– Простите, – я перебила ее. И, прокашлявшись, спросила:

– Кто такая Оля Назарова?

– Оля? Кто Оля? Хм… – похоже, женщина немало удивилась вопросу. – Оля Назарова, ваша сокурсница. Вы учитесь в одной группе. Такая милая девочка, с длинными белыми волосами. Носит высокий хвост.

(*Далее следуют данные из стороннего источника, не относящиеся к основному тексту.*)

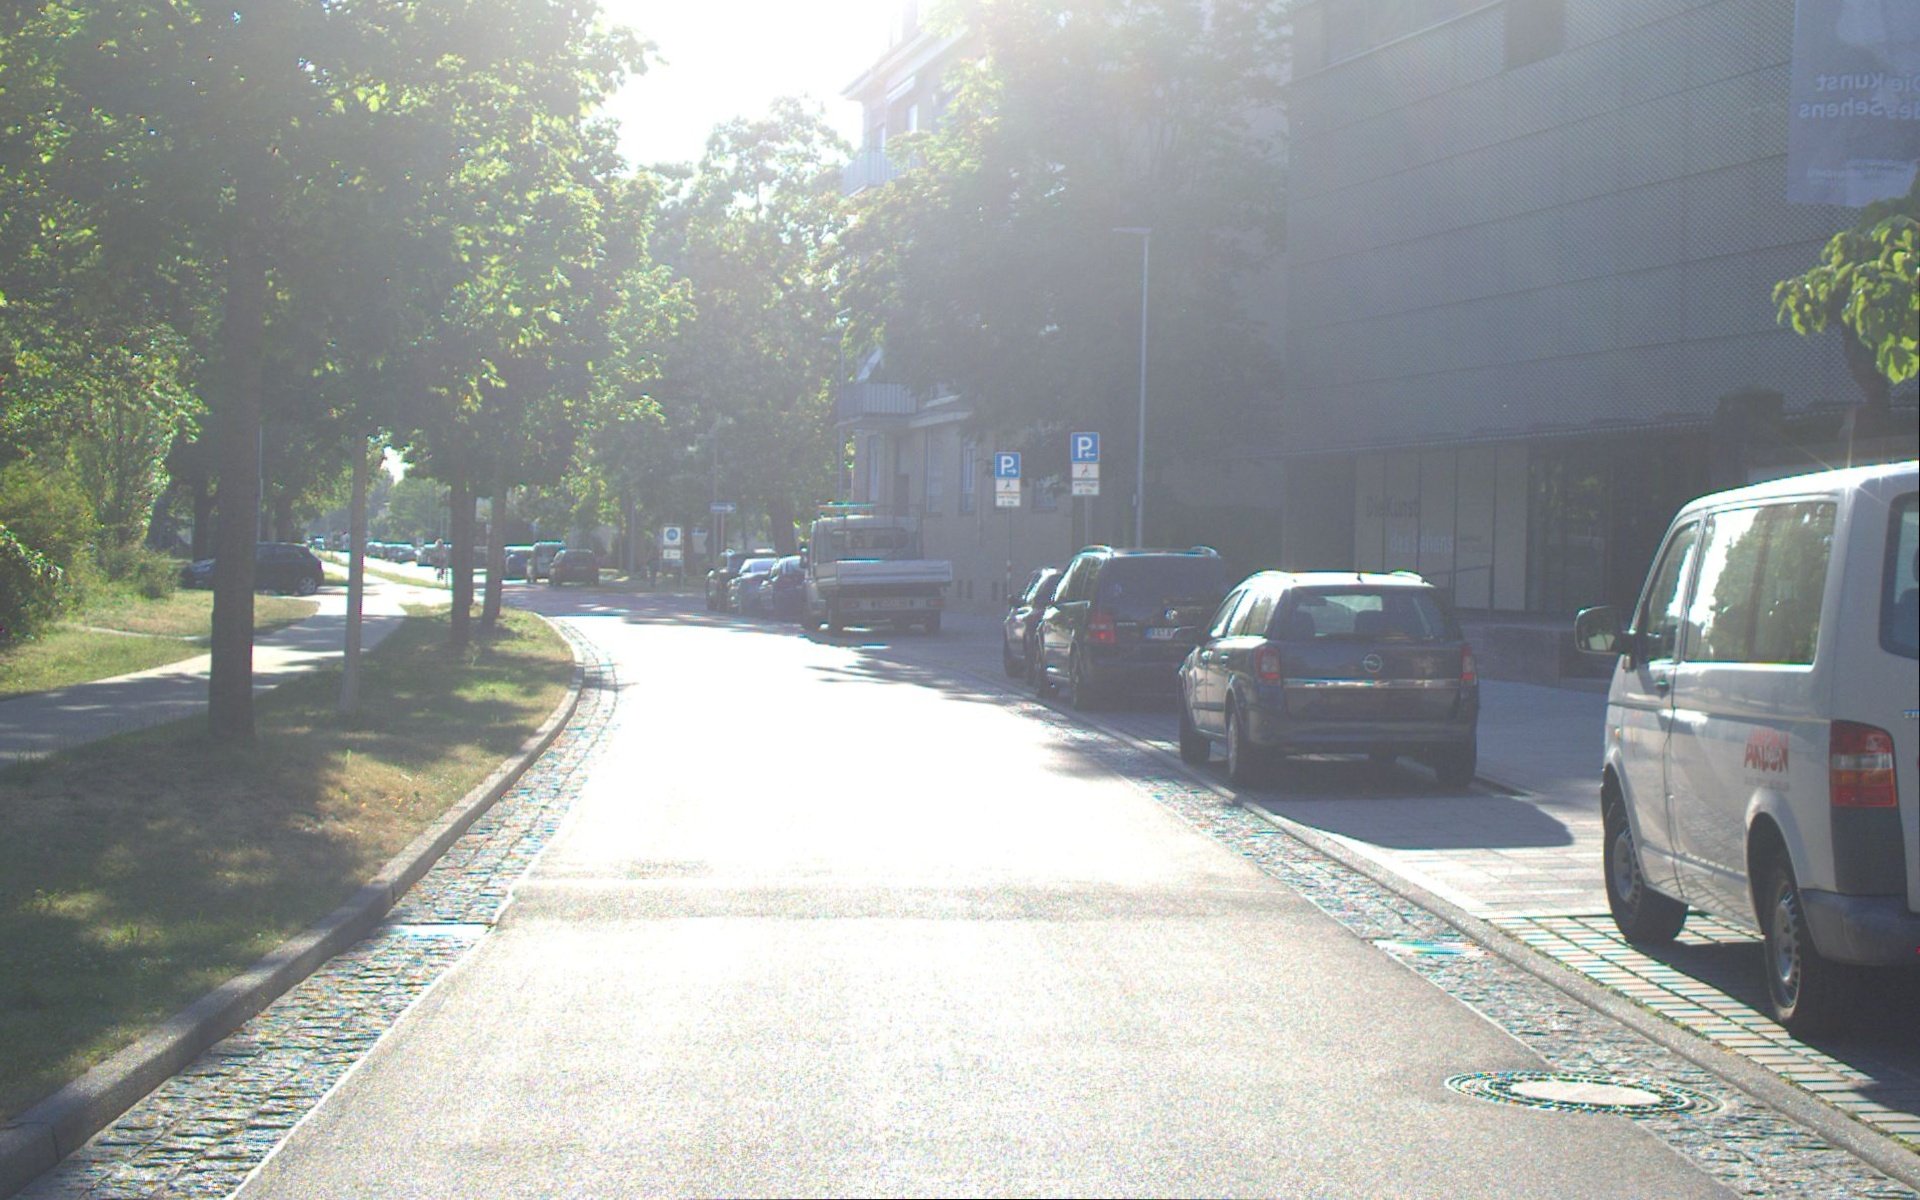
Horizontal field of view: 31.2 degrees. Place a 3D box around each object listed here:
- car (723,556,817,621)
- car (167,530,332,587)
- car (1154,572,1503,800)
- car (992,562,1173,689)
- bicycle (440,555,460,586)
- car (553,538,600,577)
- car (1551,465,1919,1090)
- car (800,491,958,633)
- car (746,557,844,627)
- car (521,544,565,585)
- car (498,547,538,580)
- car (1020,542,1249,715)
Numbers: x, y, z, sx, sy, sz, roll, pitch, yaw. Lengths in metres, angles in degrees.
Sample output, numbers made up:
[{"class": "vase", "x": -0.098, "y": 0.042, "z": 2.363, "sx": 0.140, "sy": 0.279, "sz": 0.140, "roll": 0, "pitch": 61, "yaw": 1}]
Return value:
[{"class": "car", "x": -4.495, "y": -0.294, "z": 80.784, "sx": 1.690, "sy": 1.435, "sz": 4.105, "roll": 1, "pitch": 1, "yaw": -10}, {"class": "car", "x": -19.437, "y": -1.131, "z": 94.106, "sx": 3.987, "sy": 1.415, "sz": 1.771, "roll": 2, "pitch": 1, "yaw": -36}, {"class": "car", "x": 2.603, "y": 0.557, "z": 25.305, "sx": 1.747, "sy": 1.461, "sz": 4.478, "roll": -1, "pitch": 1, "yaw": -4}, {"class": "car", "x": 1.432, "y": 0.273, "z": 41.662, "sx": 1.724, "sy": 1.417, "sz": 3.907, "roll": 1, "pitch": 1, "yaw": -5}, {"class": "bicycle", "x": -21.602, "y": -1.259, "z": 145.638, "sx": 0.688, "sy": 1.198, "sz": 2.344, "roll": 2, "pitch": 2, "yaw": -6}, {"class": "car", "x": -15.455, "y": -1.715, "z": 138.818, "sx": 1.793, "sy": 1.504, "sz": 4.001, "roll": 2, "pitch": 1, "yaw": -6}, {"class": "car", "x": 3.715, "y": 0.501, "z": 13.236, "sx": 1.993, "sy": 1.959, "sz": 4.849, "roll": -1, "pitch": 1, "yaw": 0}, {"class": "car", "x": -1.581, "y": -0.737, "z": 64.480, "sx": 2.211, "sy": 2.521, "sz": 6.149, "roll": 0, "pitch": 1, "yaw": -8}, {"class": "car", "x": -3.642, "y": -0.190, "z": 75.389, "sx": 1.690, "sy": 1.435, "sz": 3.551, "roll": 1, "pitch": 1, "yaw": -10}, {"class": "car", "x": -18.511, "y": -1.589, "z": 152.546, "sx": 1.793, "sy": 1.718, "sz": 4.001, "roll": 2, "pitch": 1, "yaw": -8}, {"class": "car", "x": -21.547, "y": -1.781, "z": 167.564, "sx": 1.793, "sy": 1.504, "sz": 4.001, "roll": 2, "pitch": 1, "yaw": -8}, {"class": "car", "x": 1.744, "y": 0.247, "z": 35.702, "sx": 1.724, "sy": 1.663, "sz": 4.115, "roll": 0, "pitch": 1, "yaw": -6}]
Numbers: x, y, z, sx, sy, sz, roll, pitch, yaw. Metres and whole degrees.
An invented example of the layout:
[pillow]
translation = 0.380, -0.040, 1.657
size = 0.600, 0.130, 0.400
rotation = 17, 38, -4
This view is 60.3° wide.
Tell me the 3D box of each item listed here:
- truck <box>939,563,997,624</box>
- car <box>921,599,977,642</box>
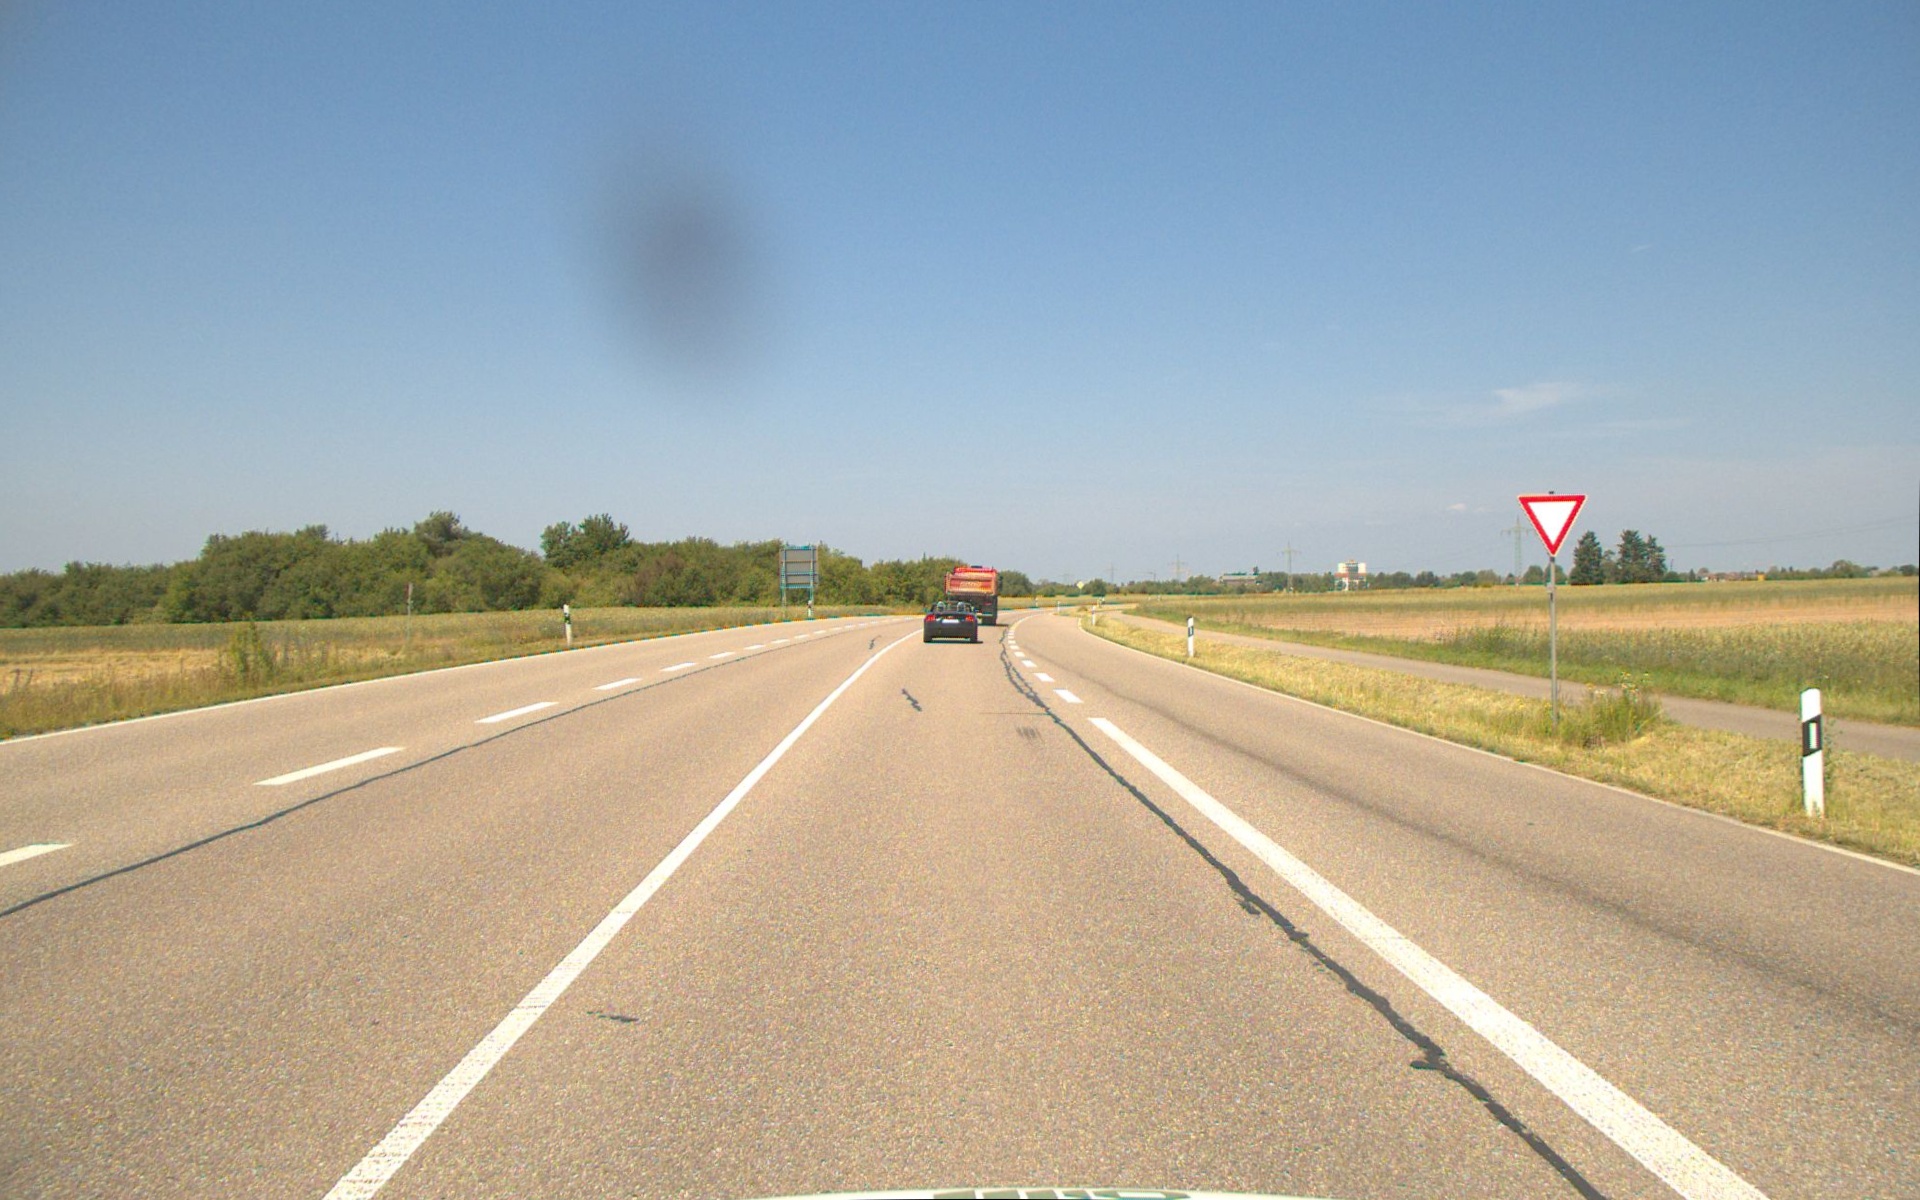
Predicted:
[truck]
translation = 0.488, -0.318, 87.956
size = 2.877, 3.143, 7.198
rotation = 0, 0, 2
[car]
translation = -0.334, 0.642, 53.274
size = 1.708, 1.302, 4.000
rotation = 1, 0, 0

Значит, Саббет. Вот так-то.

– Да, понятно.

– Я хотела поговорить с вами о ней. Дело в том, что Игорь… Они встречаются. Может быть, вы не знали… Я не знаю, может быть, вам неприятно это слышать…

– Нет, нормально.

– Да. Так вот, они встречаются. Таня, Оленька влюблена в него. Серьезно влюблена. Возможно, это ее первая любовь. Она совсем еще ребенок. Чистый, невинный. У нее нет такого опыта, как… э… у вас. Вернее, у нее нет вообще никакого опыта. Она девочка, вы понимаете? Совсем девочка. Родители взяли ее из детдома в раннем возрасте, кажется в три. Они воспитали ее в строгих правилах, слишком рачительно. Ее чрезмерно ограждали от любой грязи… От всего! Такой человек совершенно незащищен… Она принимает мир… Господи, это чрезвычайная ситуация. Ее надо спасти. Вы понимаете?

– Так, а я что могу?

– Поговорите с ней.

– Я?! О чем?

– Расскажите Оленьке правду. Убедите ее бежать оттуда. Она послушается вас. Вы авторитетный человек, вы – поэт. Творческая личность. Расскажите ей все, что знаете.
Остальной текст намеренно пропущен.